There is a lot of local interest in sports: hockey, both indoor and outdoor soccer, baseball, softball, basketball, football, swimming/diving, hiking, and cross-country running and skiing. A bike trail runs alongside the Glenn Highway from Anchorage past Eagle River and to Chugiak. Sidewalks are available and kept clear most of the winter in the downtown area for walking and jogging along the Old Glenn Highway and Business Boulevard. Cross-country skiing trails are available along Birchwood Road near Chugiak High School and recently trails have been put in around Eagle River High School. Hockey, figure skating, leisure skating, and indoor soccer are available at the Harry J. McDonald Memorial Center, which hosted seven games at the 1989 World Junior Ice Hockey Championships. Outdoor soccer is available at the Russell Oberg Soccer Complex. Chugiak Youth Sports Association (CYSA) is a local non-profit organization that offers recreational team sport opportunities to the youth of Chugiak and Eagle River including soccer, basketball, volleyball and flag football. Eagle River Soccer Club (ERSC) provides pre-competitive soccer (U9 and U10) and recreational youth and adult leagues. Chugiak Soccer Club (CSC) provides competitive soccer for U11-U19 soccer players.

Popular local activities include rafting, hiking, skiing and exploring the mountains. One of the more popular local hikes is up Mount Baldy, which overlooks the town. There is little fishing in the river, but anglers do gather at Fire and Mirror Lakes.

The 1996 Arctic Winter Games were held in Chugiak and Eagle River.

==Media==
The Chugiak-Eagle River Star is a weekly newspaper that serves Eagle River, Chugiak, Eklutna, Peters Creek and Birchwood. The newspaper was founded in 1971 by Lee B. Jordan, who for decades remained active in the community as an authority on local history. He died in 2018.

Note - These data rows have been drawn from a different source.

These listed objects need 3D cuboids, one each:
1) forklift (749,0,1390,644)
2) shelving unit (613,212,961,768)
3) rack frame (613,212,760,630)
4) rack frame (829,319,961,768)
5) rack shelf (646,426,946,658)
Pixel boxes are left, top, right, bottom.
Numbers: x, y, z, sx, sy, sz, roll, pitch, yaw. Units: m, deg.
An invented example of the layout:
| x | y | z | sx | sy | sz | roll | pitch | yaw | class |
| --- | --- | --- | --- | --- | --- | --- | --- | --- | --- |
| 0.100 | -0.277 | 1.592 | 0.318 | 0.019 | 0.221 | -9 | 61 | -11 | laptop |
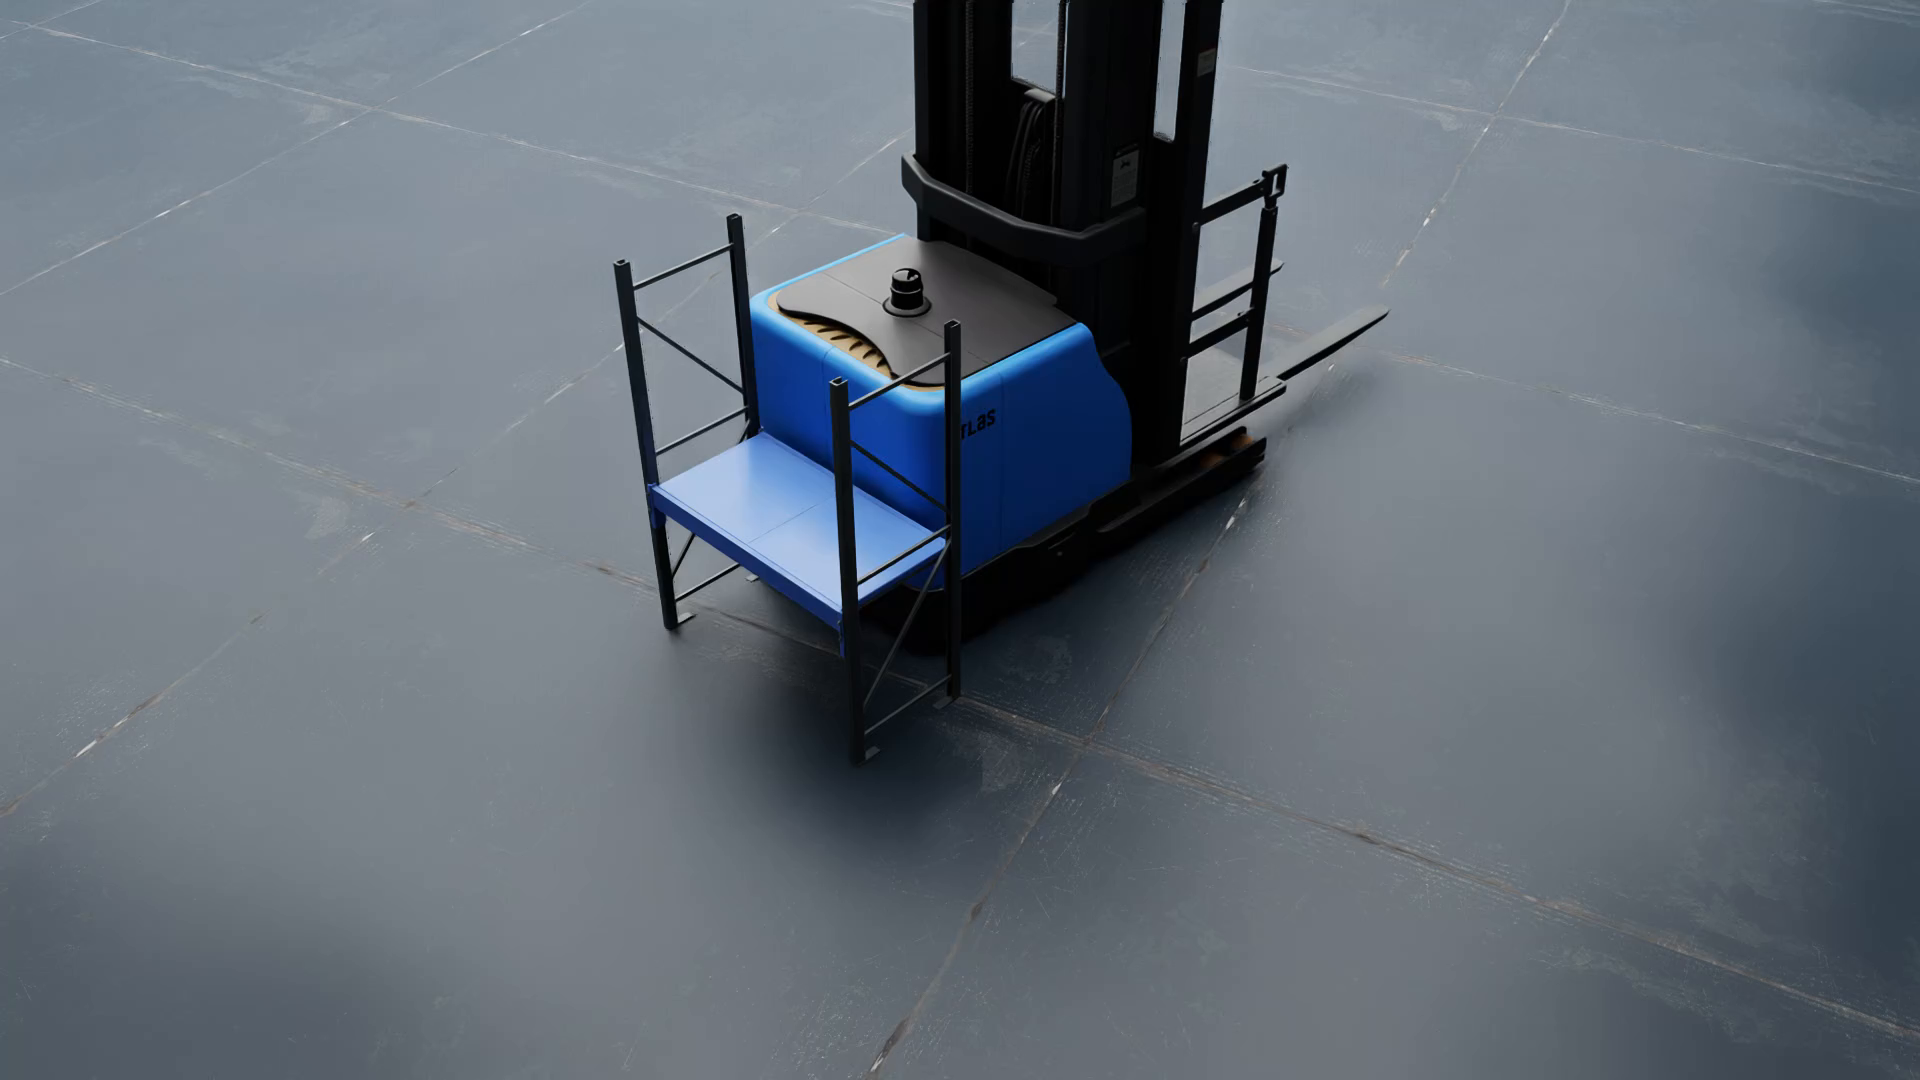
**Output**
| x | y | z | sx | sy | sz | roll | pitch | yaw | class |
| --- | --- | --- | --- | --- | --- | --- | --- | --- | --- |
| 0.631 | -1.568 | 6.209 | 3.031 | 2.935 | 1.130 | -29 | 46 | -33 | forklift |
| -0.544 | -0.163 | 5.541 | 1.048 | 1.500 | 0.538 | 31 | 47 | 34 | shelving unit |
| -0.907 | -0.378 | 5.825 | 0.032 | 1.500 | 0.500 | 31 | 47 | 34 | rack frame |
| -0.182 | 0.052 | 5.258 | 0.032 | 1.500 | 0.500 | 31 | 47 | 34 | rack frame |
| -0.544 | -0.020 | 5.650 | 1.000 | 0.185 | 0.538 | 31 | 47 | 34 | rack shelf |

The Star is part of the Binkley Company family of newspapers and shares reporting resources with its nearby sister publication, the Anchorage Daily News.

From 1958 through 1973, The Knik Arm Courier covered the area. The Chugiak-Eagle River Historical Society maintains an online archives, saying, "The Knik Arm Courier, established by James and Marie McDowell in 1958, was published through 1973 and is a reliable source of information from that period in Chugiak-Eagle River’s history."